YOUR TASK: Reproduce the listing in its entirety. Do not reproduce the pictures.
━━ DATA SHOWN ━━
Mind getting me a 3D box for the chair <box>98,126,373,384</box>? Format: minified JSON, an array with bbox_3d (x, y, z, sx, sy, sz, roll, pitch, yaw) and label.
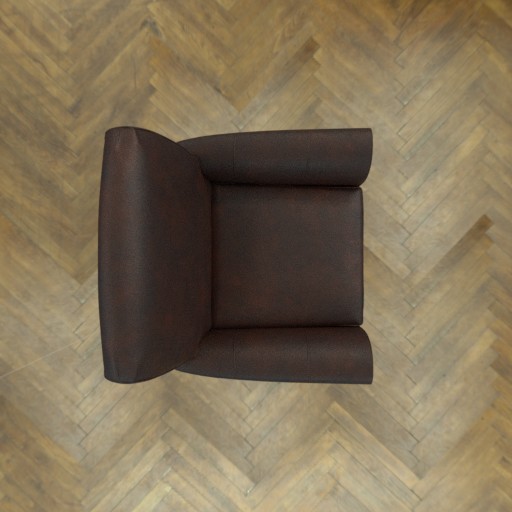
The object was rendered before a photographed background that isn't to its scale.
[{"bbox_3d":[0.000,0.000,1.749,0.902,1.061,0.978,0,90,0],"label":"chair"}]
━━━
SOLUTION FOR THIS EXERCISE:
Mind getting me a 3D box for the chair <box>98,126,373,384</box>? Format: minified JSON, an array with bbox_3d (x, y, z, sx, sy, sz, roll, pitch, yaw) and label.
The object was rendered before a photographed background that isn't to its scale.
[{"bbox_3d":[0.000,0.000,1.749,0.902,1.061,0.978,0,90,0],"label":"chair"}]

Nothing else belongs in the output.